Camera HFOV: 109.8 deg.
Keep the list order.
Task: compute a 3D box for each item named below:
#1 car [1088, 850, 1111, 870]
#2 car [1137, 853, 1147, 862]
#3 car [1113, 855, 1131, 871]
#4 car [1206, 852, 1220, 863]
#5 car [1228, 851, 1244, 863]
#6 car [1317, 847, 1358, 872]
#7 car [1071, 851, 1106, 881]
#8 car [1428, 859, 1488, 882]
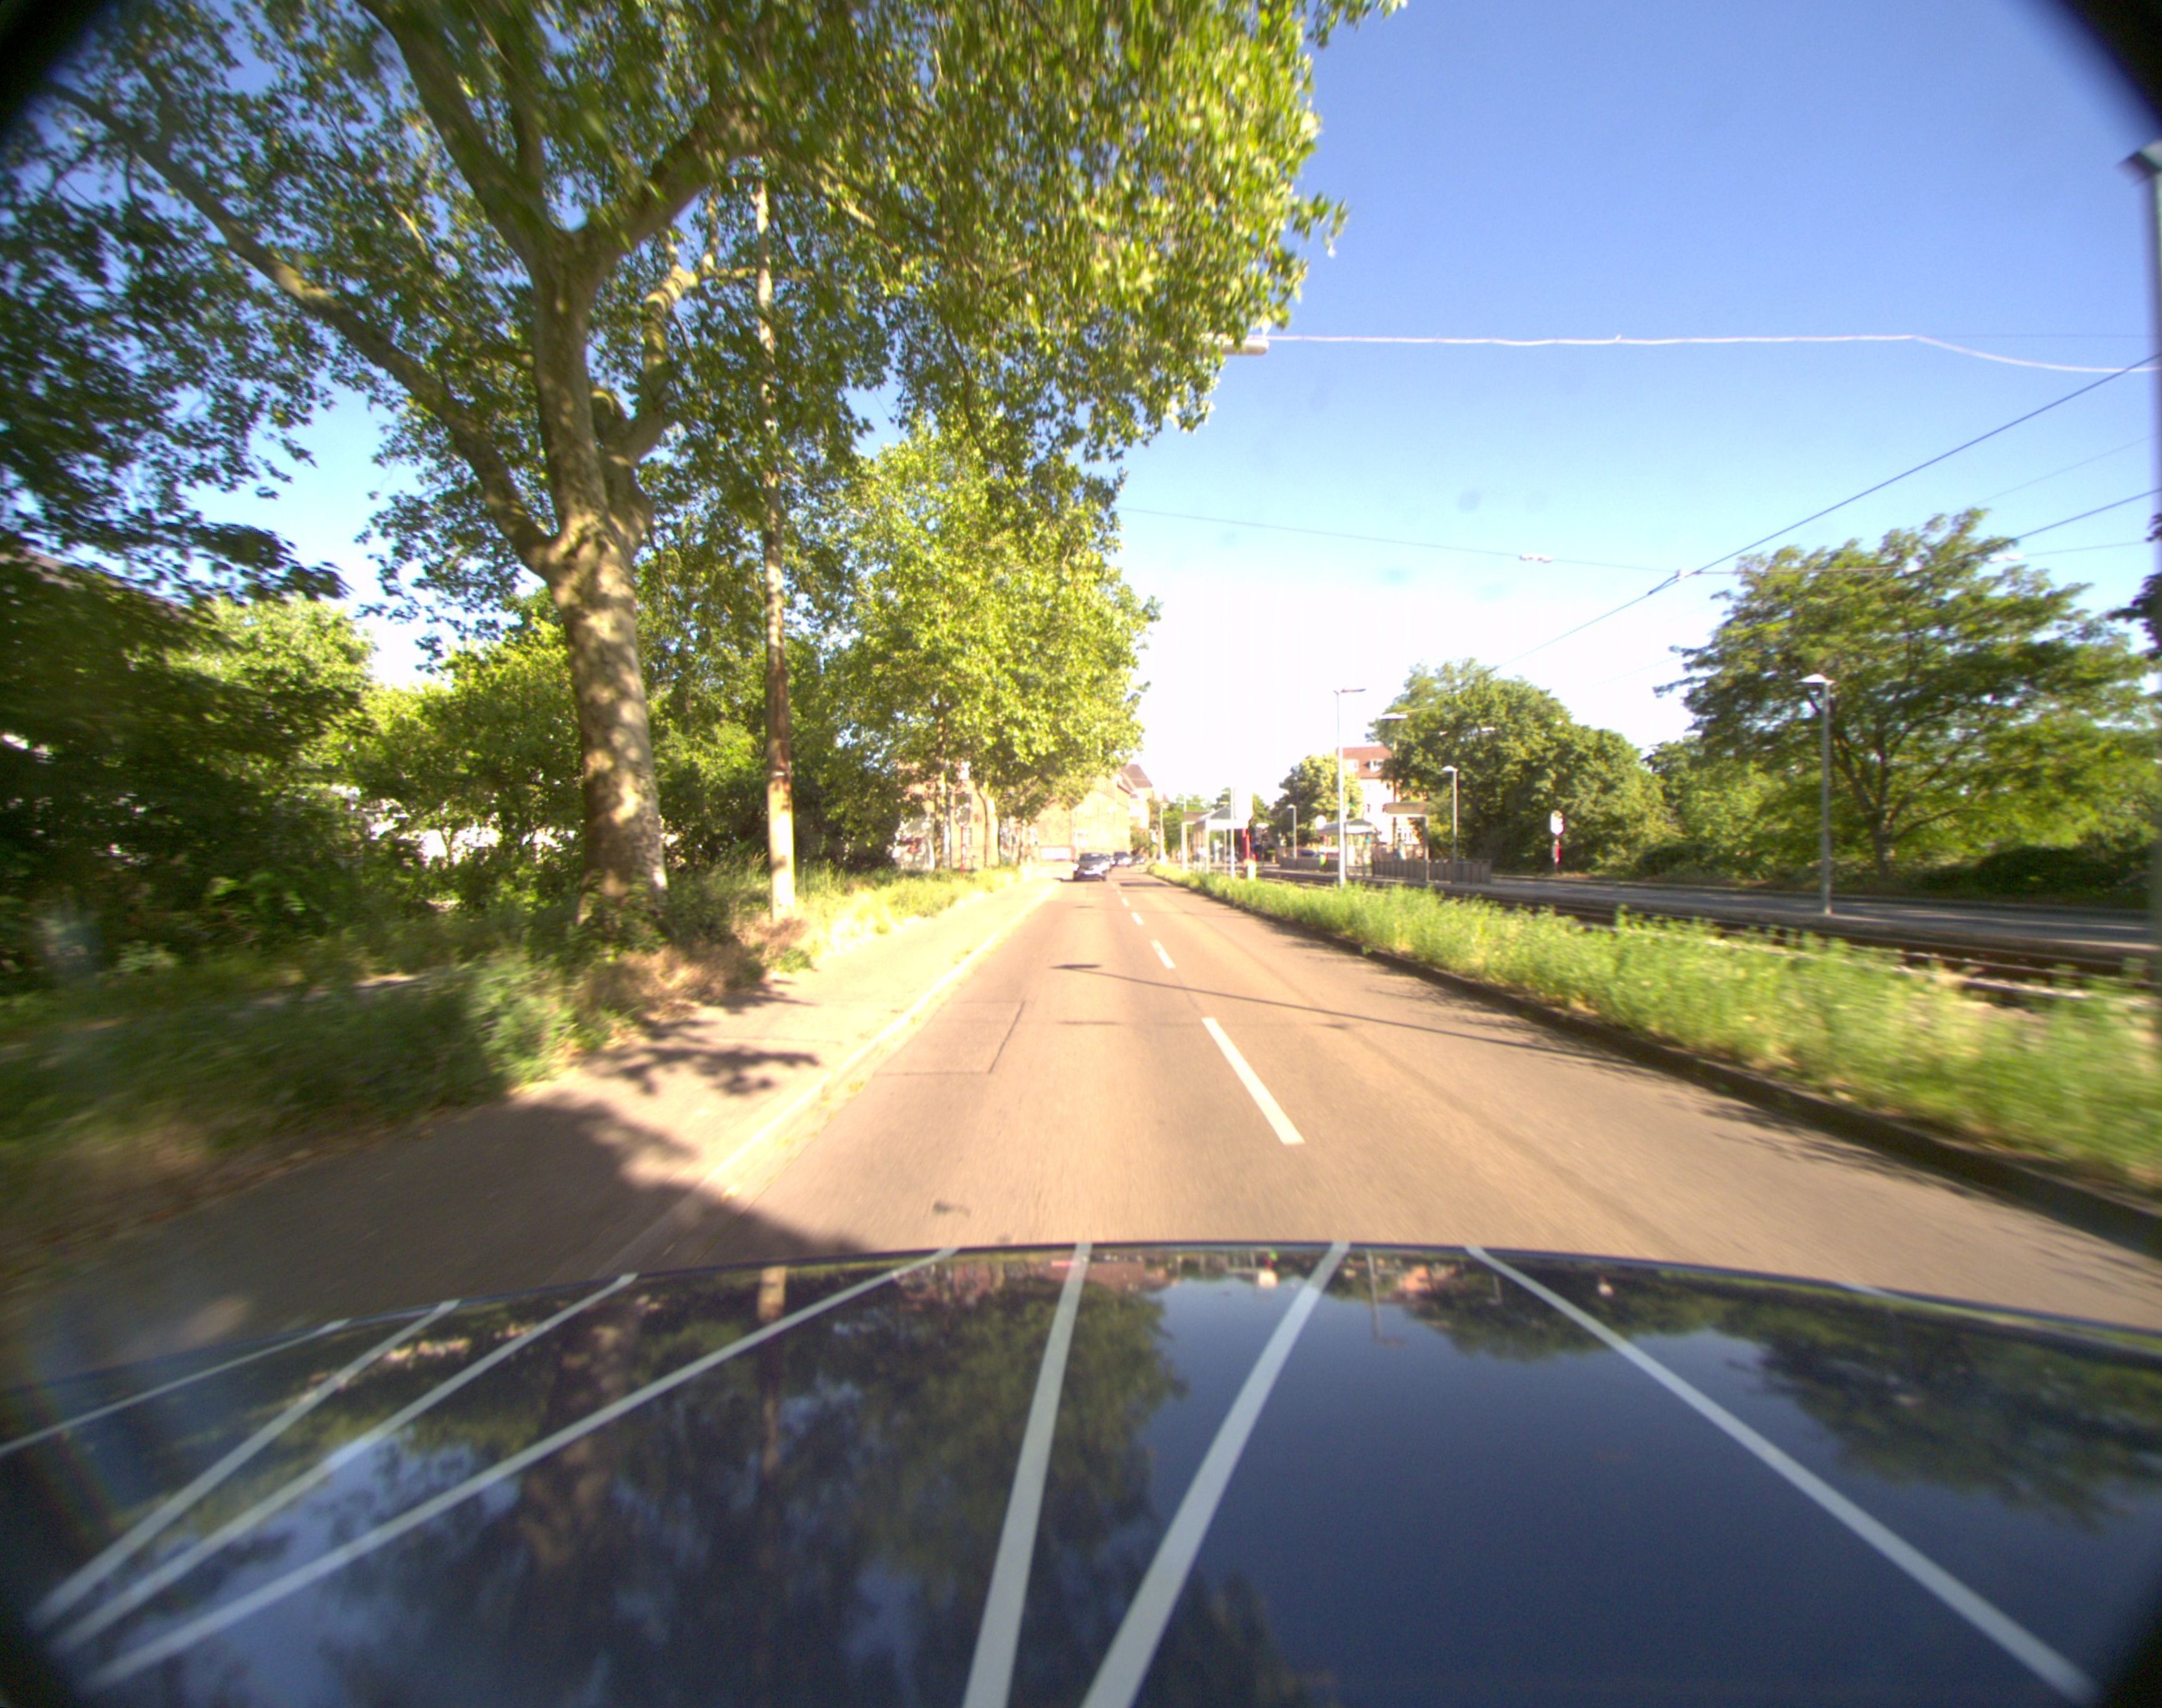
[{"bbox_3d":[1.491,0.448,60.004,1.714,1.478,3.547,-2,1,2],"label":"car"},{"bbox_3d":[8.938,0.574,111.080,1.405,1.205,3.240,-2,1,5],"label":"car"},{"bbox_3d":[4.021,0.884,74.305,1.590,1.478,3.547,-2,1,2],"label":"car"},{"bbox_3d":[20.364,0.540,117.098,1.852,1.478,3.548,-2,1,6],"label":"car"},{"bbox_3d":[19.814,0.405,97.126,1.852,1.371,3.442,-2,1,11],"label":"car"},{"bbox_3d":[17.442,0.354,51.744,1.613,1.548,3.673,-2,1,2],"label":"car"},{"bbox_3d":[0.397,0.626,41.482,1.808,1.478,3.546,-2,1,0],"label":"car"},{"bbox_3d":[20.466,0.875,41.428,1.493,1.112,3.676,-2,1,2],"label":"car"}]

__Task requirements__
Every line from the start of the listing through the line with "#7 car [1071, 851, 1106, 881]" should be reproduced exactly, and no other line.

__Response below__
Camera HFOV: 109.8 deg.
Keep the list order.
Task: compute a 3D box for each item named below:
#1 car [1088, 850, 1111, 870]
#2 car [1137, 853, 1147, 862]
#3 car [1113, 855, 1131, 871]
#4 car [1206, 852, 1220, 863]
#5 car [1228, 851, 1244, 863]
#6 car [1317, 847, 1358, 872]
#7 car [1071, 851, 1106, 881]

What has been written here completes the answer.